Some background noise is always present in any electronic device that transmits or receives a signal. In digital cameras, that signal is the light captured by the sensor’s photodiodes. Image noise can be produced by the randomness of the photons of light (known as ‘shot noise’), disturbances caused when converting the analog data to digital format (‘read noise’) and ‘fixed pattern noise’ that results from the combined effects of heat and amplification.

Shot noise will predominate when insufficient light reaches the sensor due to an exposure that is too brief for the lighting conditions. Read noise is less common in modern cameras and occurs when the exposure is adequate but there are flaws in the analog/digital conversion process. Fixed pattern noise is most common in long exposures and is amplified by environmental heat.

The more light the photosites can collect, the less susceptible a sensor will be to noise because more light is collected relative to the random electronic discharge, which remains virtually constant for a given temperature. High ISO settings amplify both the light signal and the electronic noise, thereby producing higher noise levels than low ISO settings.

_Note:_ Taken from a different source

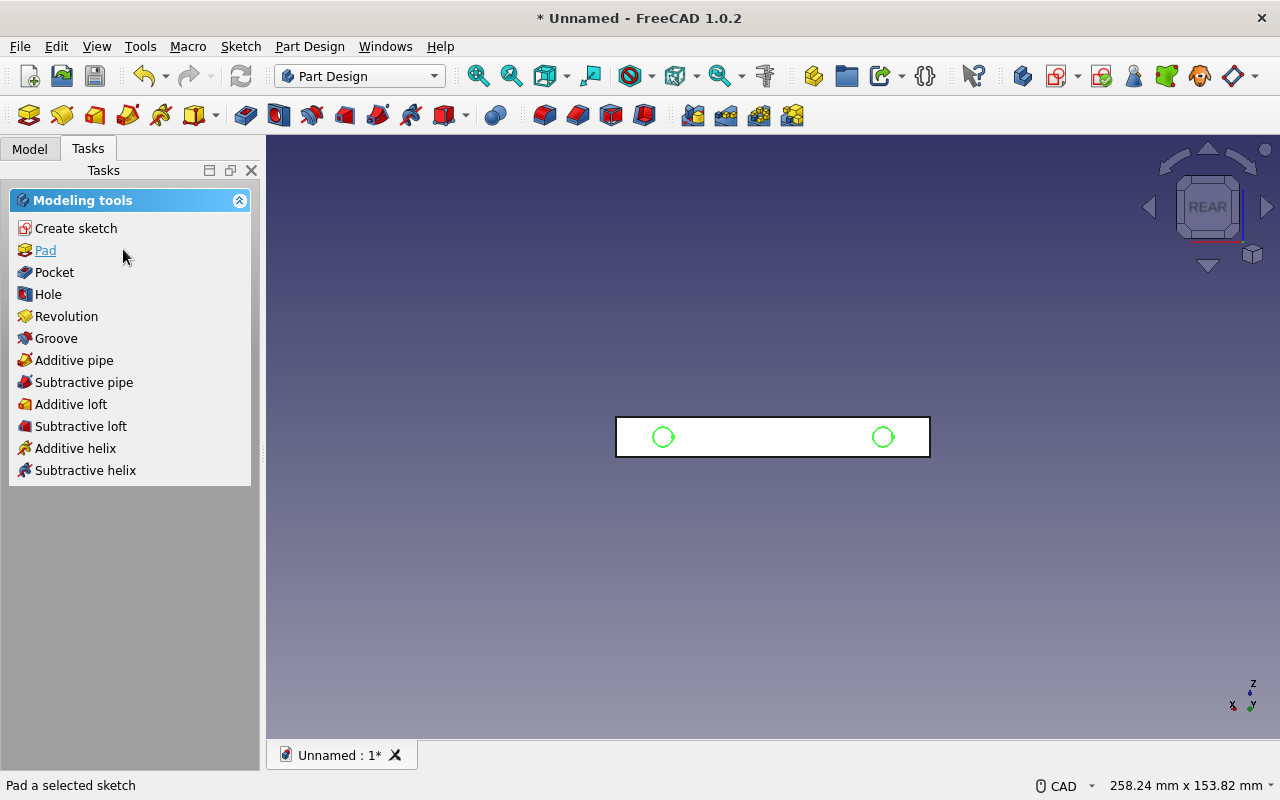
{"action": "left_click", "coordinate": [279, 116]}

A build-up of this background noise during long exposures produces ‘salt-and-pepper’ speckling where some pixels are not recorded, while others are only recorded in one wavelength (colour). The problem is exacerbated by heat, which explains why the best long exposures are usually captured on cold nights.

-

An example of an image with visible noise resulting from an exposure at ISO 51200.

-

A crop from the above image, enlarged to 100%, shows the random specking produced by noise resulting mainly from the high sensitivity setting.

Random electronic noise can be mostly eliminated by dark frame subtraction, in which the camera records a second exposure with the shutter closed to capture the noise pattern. This ‘dark frame’ is subtracted from the image by the camera’s image processor, leaving the picture virtually noise-free. The only problem is that it doubles the exposure time.

Noise Reduction

All modern cameras provide some kind of in-camera noise-reduction (NR) processing, which is applied to JPEG files. Most cameras provide separate processing for High ISO and long exposure noise because they require different adjustments.

High ISO NR is handled by the image processor and is based upon calculating whether the actual differences in pixel values constitute noise or genuine photographic detail. Once noise is identified, the processor will average out the former while attempting to preserve the latter.

Since noise levels increase as ISO sensitivity is increased, processing tends to become more aggressive at higher sensitivities. This can produce a noticeable loss of image quality. Details can be smoothed out and colour irregularities may appear in JPEGs recorded with high ISO values.

If you shoot raw files, noise-reduction is included as part of the file conversion process and you have access to a wider range of adjustments. Different raw file processors provide different adjustments and the best ones allow photographers to fine-tune adjustments to suit individual image files.

Samsung’s Adaptive Noise Reduction technology uses the camera’s image processor to analyse the scene before applying noise reduction locally rather than uniformly across the whole image. The advanced algorithm analyses details and colour in the subject as each shot is taken and processing is applied in-camera, resulting in a noticeable increase in clarity in shots taken with high ISO settings.